Solaris 10 ZFS Essentials: Managing Storage Pools
- 2.1 ZFS Pool Concepts
- 2.2 Creating a Dynamic Stripe
- 2.3 Creating a Pool with Mirrored Devices
- 2.4 Creating a Pool with RAID-Z Devices
- 2.5 Creating a Spare in a Storage Pool
- 2.6 Adding a Spare Vdev to a Second Storage Pool
- 2.7 Replacing Bad Devices Automatically
- 2.8 Locating Disks for Replacement
- 2.9 Example of a Misconfigured Pool
ZFS storage pools are the basis of the ZFS system. In this chapter, I cover the basic concepts, configurations, and administrative tasks of ZFS pools. In Chapter 5, I cover advanced configuration topics in ZFS pool administration.
The zpool command manages ZFS storage pools. The zpool command creates, modifies, and destroys ZFS pools.
Redundant configurations supported in ZFS are mirror (RAID-1), RAID-Z (similar to RAID-5), and RAID-Z2 with a double parity (similar to RAID-6). All traditional RAID-5-like algorithms (RAID-4, RAID-6, RDP, and EVEN-ODD, for example) suffer from a problem known as the RAID-5 write hole. If only part of a RAID-5 stripe is written and power is lost before all blocks have made it to disk, the parity will remain out of sync with the data (and is therefore useless) forever, unless a subsequent full-stripe write overwrites it. In RAID-Z, ZFS uses variable-width RAID stripes so that all writes are full-stripe writes. This design is possible only because ZFS integrates file system and device management in such a way that the file system's metadata has enough information about the underlying data redundancy model to handle variable-width RAID stripes. RAID-Z is the world's first software-only solution to the RAID-5 write hole.
2.1 ZFS Pool Concepts
ZFS pools are comprised of virtual devices. ZFS abstracts every physical device into a virtual device. A vdev can be a disk, a slice of a disk, a file, or even a logical volume presented by another volume manager such as Solaris Volume Manager (SVM) or a LUN from a hardware RAID device.

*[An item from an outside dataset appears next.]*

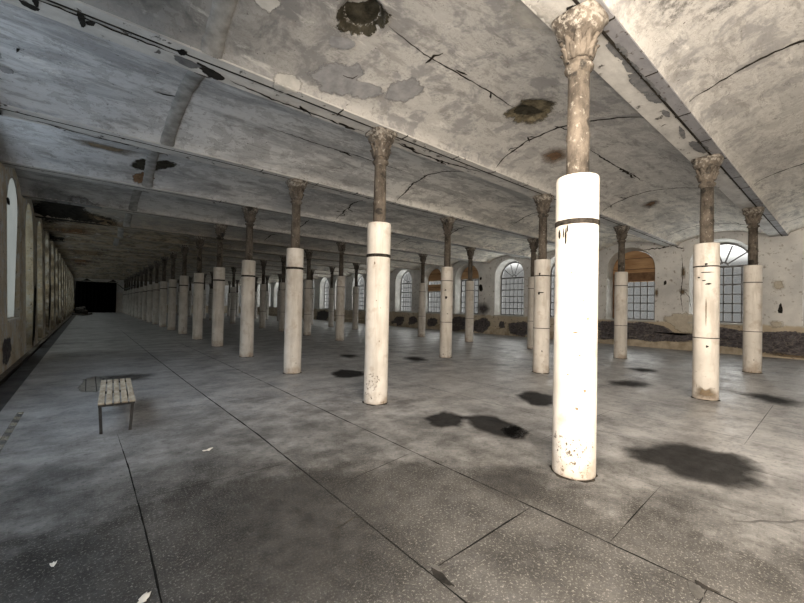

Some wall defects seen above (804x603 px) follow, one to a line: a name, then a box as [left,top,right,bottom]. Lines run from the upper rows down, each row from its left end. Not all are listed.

These are the virtual devices types:
- Dynamic stripe: A dynamic stripe is a nonredundant configuration of a simple disk or concatenation of disks.
- Redundant group (mirror, RAID-Z1, or RAID-Z2): A mirror can be a two-way or three-way mirror. RAID-Z groups are recommended to have up to nine disks in the group. If there are more, then multiple vdevs are recommended. Two disks minimum are needed for RAID-Z, and three disks at a minimum are needed for RAID-Z2. (Note that RAID-Z and RAID-Z1 are interchangeable terms. With the introduction of the RAID-Z2 feature, the term RAID-Z evolved into RAID-Z1 to differentiate it from RAID-Z2. I use both terms in this book.)

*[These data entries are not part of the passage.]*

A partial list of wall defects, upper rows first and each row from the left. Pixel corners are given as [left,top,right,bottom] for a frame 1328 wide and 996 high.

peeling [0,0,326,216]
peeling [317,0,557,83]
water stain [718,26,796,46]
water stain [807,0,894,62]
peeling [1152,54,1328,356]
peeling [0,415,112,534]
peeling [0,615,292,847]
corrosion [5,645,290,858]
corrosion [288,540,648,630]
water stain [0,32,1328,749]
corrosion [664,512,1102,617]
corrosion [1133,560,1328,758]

- Spare: A spare vdev is for a hot standby disk replacement.
- Log: A log vdev is for ZFS Intent Log (ZIL). The ZIL increases the write performance on ZFS. Only dynamic stripe and mirrored vdev configurations are supported for this vdev type.
- Cache: A cache vdev is used to speed up random reads from a RAID-Z-configured pool. Its intended use is for read-heavy workloads. There is no redundancy support at this point for this vdev type. If there is a read error, then ZFS will read from the original storage pool.

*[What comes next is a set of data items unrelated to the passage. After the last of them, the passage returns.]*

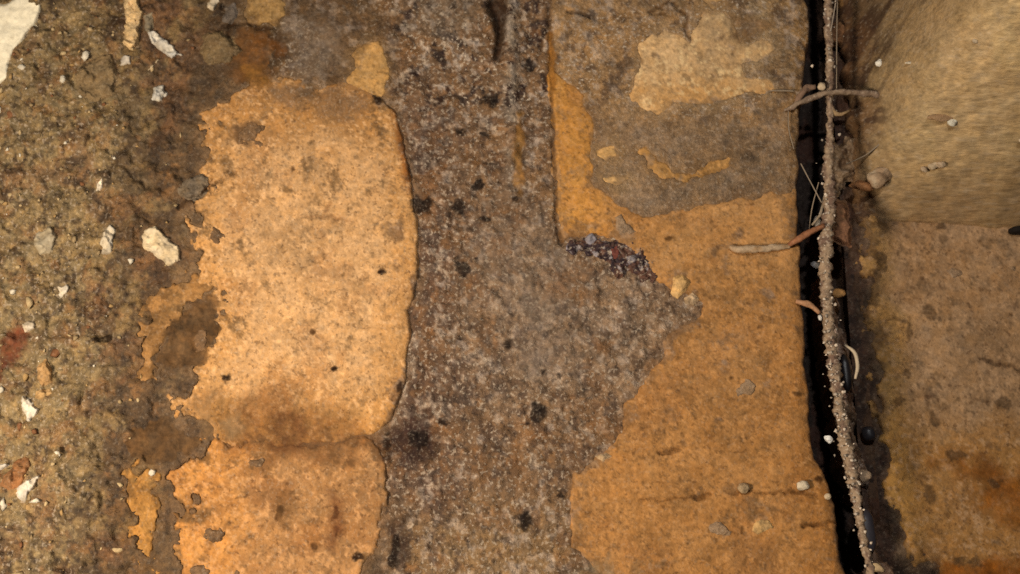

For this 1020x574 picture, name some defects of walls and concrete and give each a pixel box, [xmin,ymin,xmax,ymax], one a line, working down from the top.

damp [523,57,536,72]
damp [480,94,497,108]
damp [410,198,431,214]
damp [451,200,465,215]
damp [454,257,478,277]
spalling [121,41,419,574]
spalling [547,67,846,574]
damp [526,402,546,425]
damp [408,431,428,450]
damp [518,512,531,532]

Log and cache vdevs are used with solid-state disks (SSDs) in the Sun Storage 7000 series in hybrid storage pools (HSPs; see http://blogs.sun.com/ahl/entry/fishworks_launch).
Best-practice guidelines for ZFS pools include the following:
- Mirrored configuration beyond a three-way mirror should not be used. Think about using a RAID-Z configuration instead.
- Use RAID-Z or RAID-Z2 virtual device groups with fewer than ten disks in each vdev.
- Using whole disks is best. ZFS works best with "just a bunch of disks" (JBOD).
- Use slices for vdev groups only for boot disks.
- Use disks of a terabyte or less for boot devices.
- Use matched-capacity disks (mixed geometry is OK) for the best maximum storage results.
- Use matching sizes of vdevs in a ZFS pool. Match the number of disks and redundancy groups in each vdev in a pool for best performance.
Creating/adding new vdevs to a ZFS pool is the most unforgiving part about ZFS. Once committed, some operations cannot be undone. The zpool command will warn you, however, if the operation is not what's expected. There is a force option in zpool to bypass any of the warnings, but it is not recommended that you use the force option unless you are sure you will not need to reverse the operation.
These are the rules for ZFS pools:
- Once a normal (dynamic stripe) vdev is added to a ZFS pool, it cannot be removed.
- Only the special-use vdevs can be removed: spares, log, and cache.
- Disks the same size or larger can be replaced within a vdev.
- Disks can be added to a single disk or mirrored vdev to form a mirror or a three-way mirror.
- New disks cannot be added to an existing RAID-Z or RAID-Z2 vdev configuration.